Observations that the predominant expression of the smaller conductance K+ channel in co-injected oocytes was unaffected by patch excision from the cell, imply that the interaction between CFTR and Kir1.1a is membrane delimited. While we can not rule out the role of unidentified linker proteins, such as cytoskeletal elements, these observations suggest that the functional interaction between CFTR and Kir1.1a may be direct and physical.

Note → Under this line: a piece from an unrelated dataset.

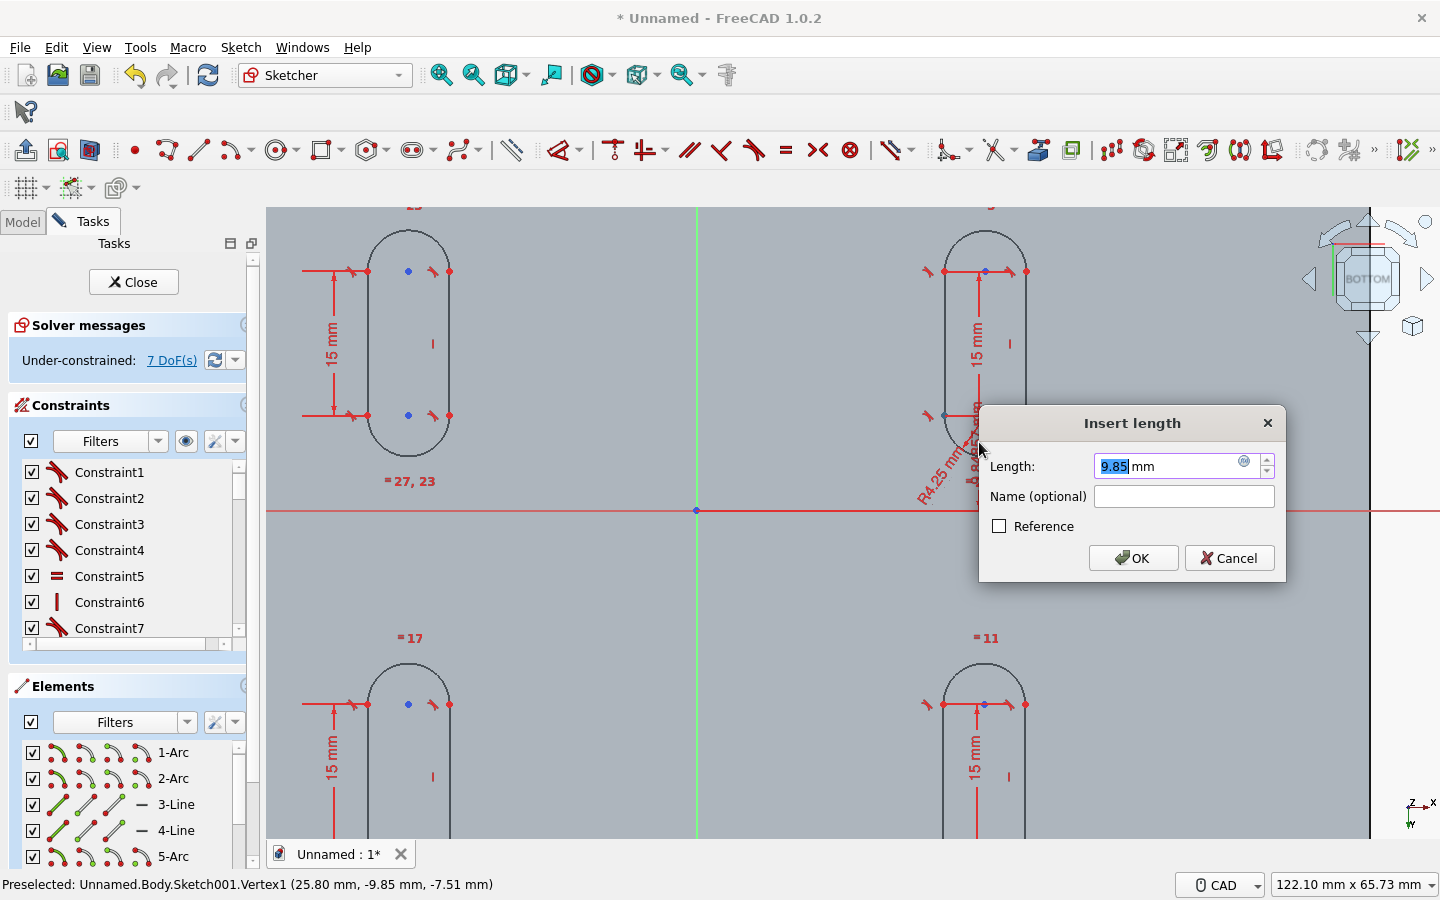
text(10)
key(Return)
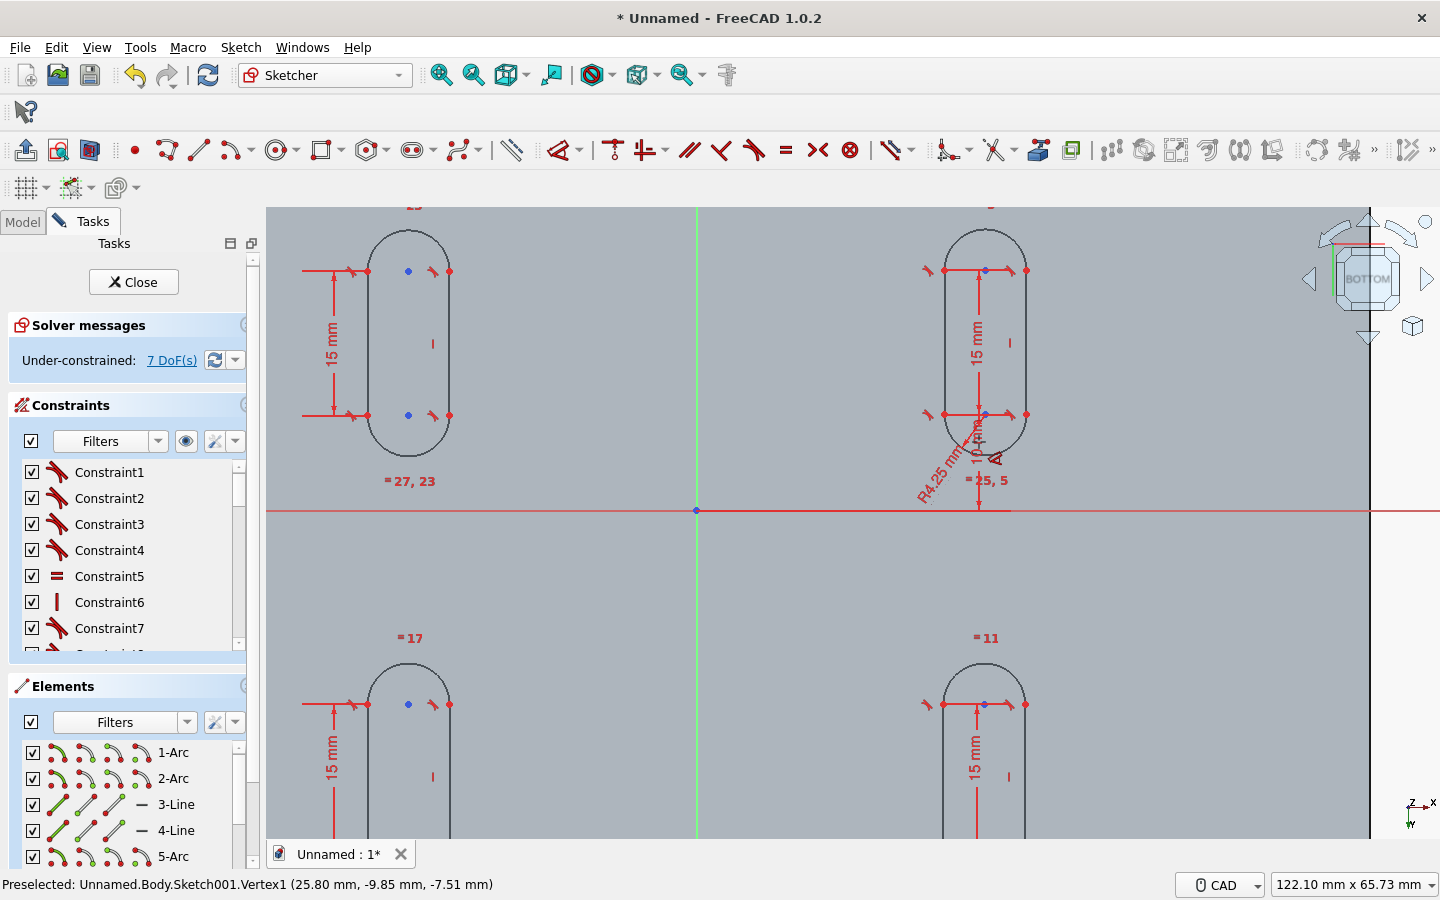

The Kir 1.1a/CFTR Channel Is K+ Selective-- As predicted from our multimeric Kir1.1a/CFTR model of an epithelial KATP, the small conductance Kir1.1a/CFTR channel is K+ selective (Fig. 3). In the excised inside-out configuration with 140 mM KCl in the pipette, replacement of cytoplasmic KCl with equal molar sodium gluconate (KCl + sodium gluconate = 140 mM) changed the reversal potential of the small conductance channel from 1.4 ± 2.4 mV in 140 mM KCl to 22.6 ± 2.05 mV in 50 mM KCl (90 mM sodium gluconate) to 49.3 ± 4 mV in 20 mM KCl (120 mM sodium gluconate) (n = 6). The shift of 51 mV per decade change in KCl is in close agreement for the change in the equilibrium potential for K+, indicating the small conductance Kir1.1a/CFTR channel is highly K+ selective over sodium and chloride.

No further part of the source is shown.